[DATASET RECORDS]

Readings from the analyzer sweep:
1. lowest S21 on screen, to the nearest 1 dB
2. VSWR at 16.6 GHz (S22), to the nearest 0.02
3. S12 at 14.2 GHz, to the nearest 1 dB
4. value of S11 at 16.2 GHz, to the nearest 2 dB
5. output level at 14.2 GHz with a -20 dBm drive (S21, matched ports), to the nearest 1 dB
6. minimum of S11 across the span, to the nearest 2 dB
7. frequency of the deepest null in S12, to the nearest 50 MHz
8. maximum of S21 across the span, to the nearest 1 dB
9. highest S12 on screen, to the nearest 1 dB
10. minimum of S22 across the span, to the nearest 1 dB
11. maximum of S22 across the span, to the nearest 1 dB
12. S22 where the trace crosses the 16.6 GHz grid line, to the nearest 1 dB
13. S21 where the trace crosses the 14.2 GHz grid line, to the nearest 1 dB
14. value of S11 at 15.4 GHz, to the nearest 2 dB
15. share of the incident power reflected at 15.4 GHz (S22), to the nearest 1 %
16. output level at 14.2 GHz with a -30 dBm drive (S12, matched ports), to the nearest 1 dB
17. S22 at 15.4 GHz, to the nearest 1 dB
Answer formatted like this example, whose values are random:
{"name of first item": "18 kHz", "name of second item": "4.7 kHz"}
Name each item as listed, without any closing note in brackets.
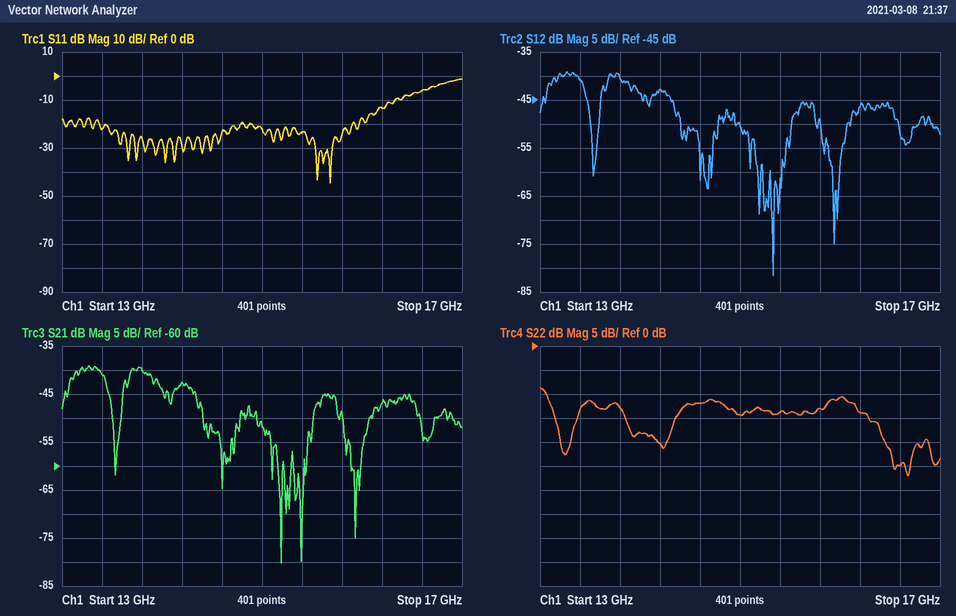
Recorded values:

[/DATASET RECORDS]
[DATASET RECORDS]

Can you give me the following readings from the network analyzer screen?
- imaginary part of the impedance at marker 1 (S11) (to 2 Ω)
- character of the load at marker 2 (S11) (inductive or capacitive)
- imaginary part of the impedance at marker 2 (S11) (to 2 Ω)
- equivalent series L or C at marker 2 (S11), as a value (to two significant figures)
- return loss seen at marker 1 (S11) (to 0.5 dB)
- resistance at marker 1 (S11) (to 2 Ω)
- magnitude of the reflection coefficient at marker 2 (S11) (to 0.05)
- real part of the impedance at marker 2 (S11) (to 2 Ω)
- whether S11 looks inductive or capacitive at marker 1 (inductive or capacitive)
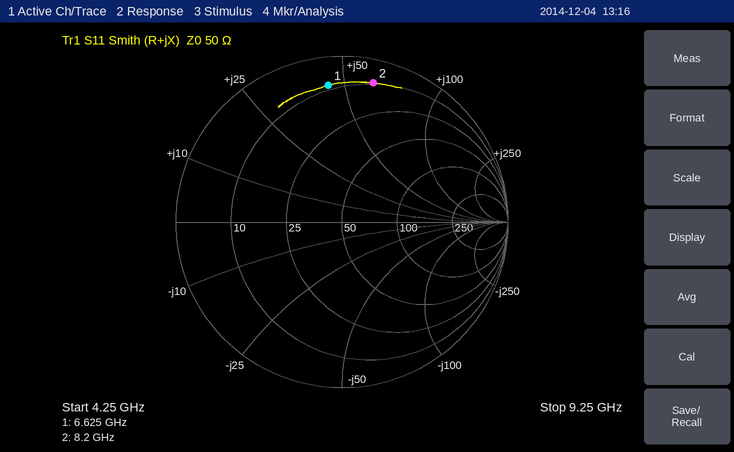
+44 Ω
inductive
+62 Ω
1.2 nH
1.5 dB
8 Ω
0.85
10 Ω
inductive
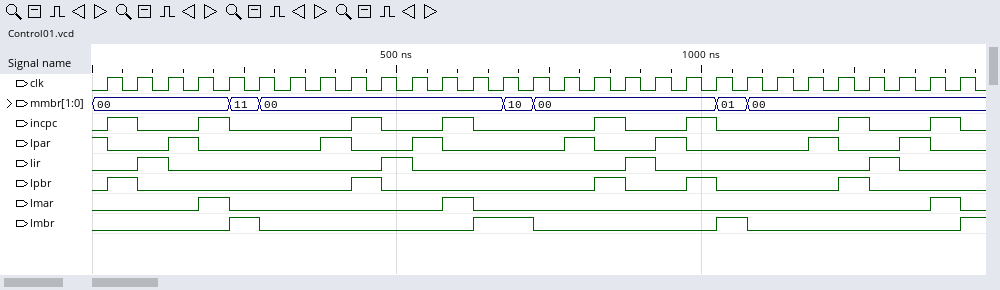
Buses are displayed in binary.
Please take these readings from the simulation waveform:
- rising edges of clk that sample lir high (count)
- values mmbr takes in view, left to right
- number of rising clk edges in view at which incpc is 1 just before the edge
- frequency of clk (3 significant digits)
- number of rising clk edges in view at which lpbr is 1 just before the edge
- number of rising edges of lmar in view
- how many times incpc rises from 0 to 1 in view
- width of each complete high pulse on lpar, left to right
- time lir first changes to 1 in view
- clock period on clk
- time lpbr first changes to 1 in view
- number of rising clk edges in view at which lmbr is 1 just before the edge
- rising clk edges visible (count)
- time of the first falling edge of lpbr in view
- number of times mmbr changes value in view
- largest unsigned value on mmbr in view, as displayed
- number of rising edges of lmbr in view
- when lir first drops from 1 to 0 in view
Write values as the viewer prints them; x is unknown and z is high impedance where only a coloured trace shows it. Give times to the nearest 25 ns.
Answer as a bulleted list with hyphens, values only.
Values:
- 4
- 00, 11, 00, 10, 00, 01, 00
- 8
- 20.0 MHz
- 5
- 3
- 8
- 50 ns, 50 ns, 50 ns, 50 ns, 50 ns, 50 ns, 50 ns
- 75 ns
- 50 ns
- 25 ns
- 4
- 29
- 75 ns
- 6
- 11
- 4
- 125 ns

[/DATASET RECORDS]

_WORK ORDER_
Only lines that contain the string "trace" count; pick each one out of the records and copy it.

_COMPLETED EXERCISE_
12. S22 where the trace crosses the 16.6 GHz grid line, to the nearest 1 dB
13. S21 where the trace crosses the 14.2 GHz grid line, to the nearest 1 dB
Write values as the viewer prints them; x is unknown and z is high impedance where only a coloured trace shows it. Give times to the nearest 25 ns.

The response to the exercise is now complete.